From uploading pictures of grocery receipts for cash to watching videos on your phone to earn gift cards, work-at-home mom Nicole McDonald makes about $1,000 per year using moneymaking apps.

"I like using apps that pay me cash and rewards because it's a super easy way to get some extra income," she said.

Receipt Hog is the one McDonald uses to upload sales slips, but the app also pays users to take short surveys. Shopkick rewards users with gift cards when they visit recommended stores, scan items and buy products. With Clashot, users upload photos, and if they're liked by someone else, the user can earn money. Cash Pirate pays users to play games.

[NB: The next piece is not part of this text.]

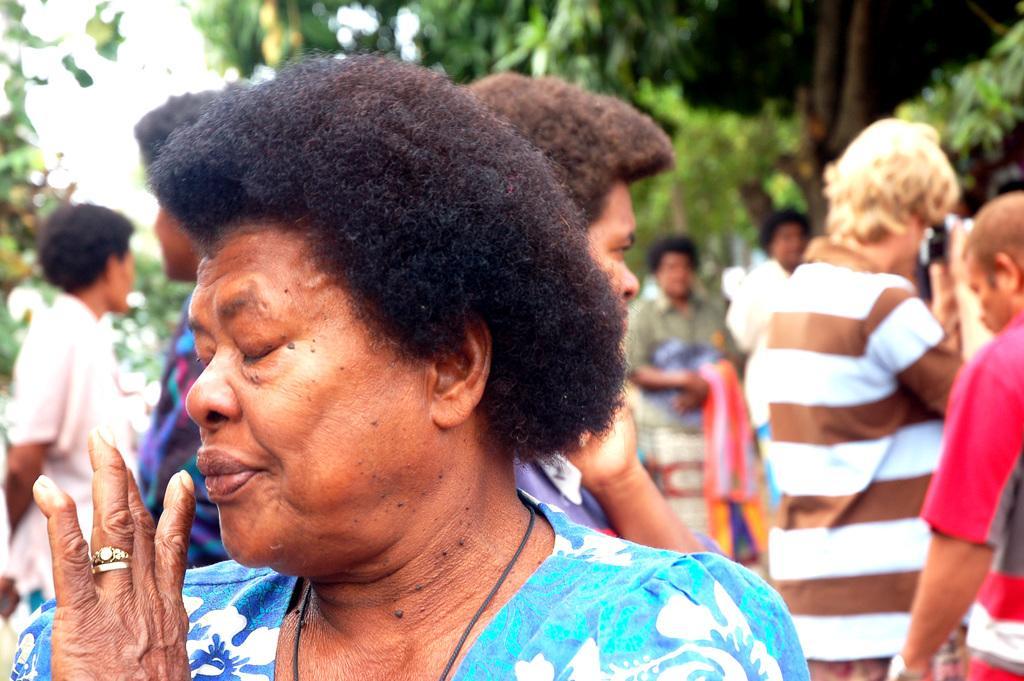Describe this image in one or two sentences. This image consists of a woman wearing blue dress. In the background, there are many people. And there are trees.

Cyber experts warn that you could be cashing in your privacy. Buried deep in the fine print, some apps acknowledge they

  • find your precise GPS location
  • prevent a device from sleeping
  • send SMS messages
  • modify or delete contents of your USB storage
  • download files without notification
  • take pictures and video
  • record audio

"I think that the behavior in most of these rewards apps is creepy and inappropriate," said Gary Miliefsky. "Yes, they need to monetize you and ensure that you''re located where you say that you are, but they're collecting way too much information."

Experts say if you're going to use a moneymaking app:

  • Review its privacy policy and what information the app accesses.
  • See where the app developer is located
  • Read the reviews
  • Don't download any app that pops up as a link in a text message.

"For the most part, these apps are fairly safe. If you download them from the iTunes store or Google Play Store you have a few more built-in security measures," Miliefsky said.

For McDonald, she has no problem trading some of her privacy for a little extra cash. "I don't think you could make a living off the apps, but I think it supplements your income very well," she said.